Ало стелется память-погоня, заглядывая в иные миры. Между небом и землей не найти следов ни графа, ни князя, ни дорогих сердцу людей. Лишь демоны страха коптят небо, никому не позволяя уйти. Все плотнее кольцо давней свиты: разгулялась безумная герцогиня Трагедия, сгубив государыню Надежду и матушку Веру. Княгиня Разлука многим стала лучшей подругой. Мир сатанеет от перевертышей — оборотней. Живо только презрение к опустившим глаза, не помешавшим обману. Боже ж мой, в Питер через три дня подвезли хлеб, но было поздно, ибо жернова сдвинулись. Сумятица душ, алчность безумцев, мягкость нрава самодержца, зависть и междоусобица знати, все вкупе привело к вооруженному октябрьскому перевороту, лет через десять названному великой революцией. Алфея одна. Не отыскать даже просто родственной души. Только старец-Факир еще хранит верность.
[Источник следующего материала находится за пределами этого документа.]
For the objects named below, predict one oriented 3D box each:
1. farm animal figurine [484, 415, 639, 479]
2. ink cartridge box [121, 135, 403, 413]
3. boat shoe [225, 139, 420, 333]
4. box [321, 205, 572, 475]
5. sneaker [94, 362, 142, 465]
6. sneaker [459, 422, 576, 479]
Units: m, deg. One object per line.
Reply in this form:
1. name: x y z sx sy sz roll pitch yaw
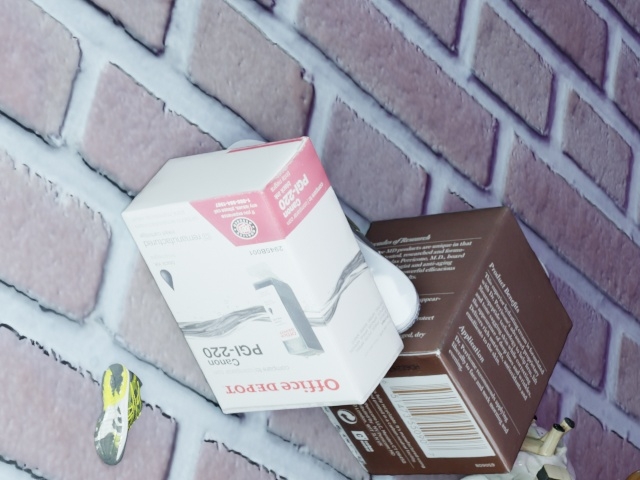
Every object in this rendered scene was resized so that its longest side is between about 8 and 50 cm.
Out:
1. farm animal figurine: 0.278 0.340 1.700 0.326 0.172 0.330 25 29 -17
2. ink cartridge box: -0.047 0.035 1.509 0.092 0.158 0.218 -53 126 -45
3. boat shoe: 0.000 0.000 1.599 0.080 0.228 0.076 -50 172 -3
4. box: 0.113 0.099 1.710 0.168 0.167 0.203 58 43 -30
5. sneaker: -0.160 0.143 1.447 0.035 0.031 0.083 25 65 -50
6. sneaker: 0.202 0.245 1.892 0.232 0.090 0.115 11 67 -59
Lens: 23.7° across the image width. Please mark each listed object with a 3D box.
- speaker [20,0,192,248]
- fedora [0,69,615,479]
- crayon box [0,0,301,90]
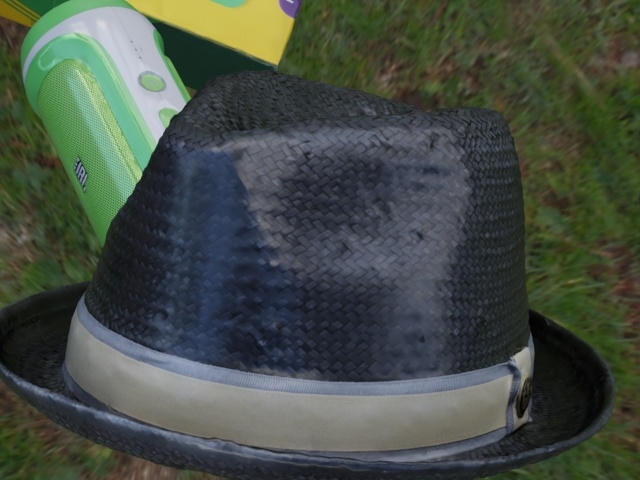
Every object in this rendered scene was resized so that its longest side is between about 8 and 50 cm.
[{"bbox_3d":[-0.141,-0.058,1.231,0.131,0.131,0.296,-26,62,-7],"label":"speaker"},{"bbox_3d":[0.000,0.000,0.752,0.334,0.334,0.152,6,101,-5],"label":"fedora"},{"bbox_3d":[-0.144,-0.346,1.490,0.313,0.106,0.363,20,64,-5],"label":"crayon box"}]

— Обезумели, хамы, — вырвалось у княгини, невольно обернувшейся на шорох шин в аллее разоренного парка, где движение запрещено.
Ей не пристало уступать дорогу или предаваться сиюминутной печали, этого не объяснить ни нуворишам, ни вновь испеченным аристократам. Им не понять убогости достижений. Отвратное, пресыщенное существо за рулем иномарки недовольно шаркнуло по кустам, объезжая презрительное шествие, отважно укоряя в гордыне и слащаво рассыпаясь в комплиментах. Багрово-бархатное летнее пальто, перешитое из парадного платья и немного потертое на швах, ей, как и прежде к лицу, все еще пленяет цветом на фоне дорогостоящих нарядов современности. Да, ей теперь часто приходится задумываться и о цене, что было несвойственно прежней жизни. Бывшая, бывшая, бывшая — титулы, обладающие дореволюционным шармом. Нет, это клеймо не пугает. Все как всегда. Только кто это может помнить, понять? Остается только гадать: кто же выжил из своих? Она живет в ожидании, мысленно приглядываясь к людям. Происхождение всегда берет свое, невзирая на время, собственно не существующее.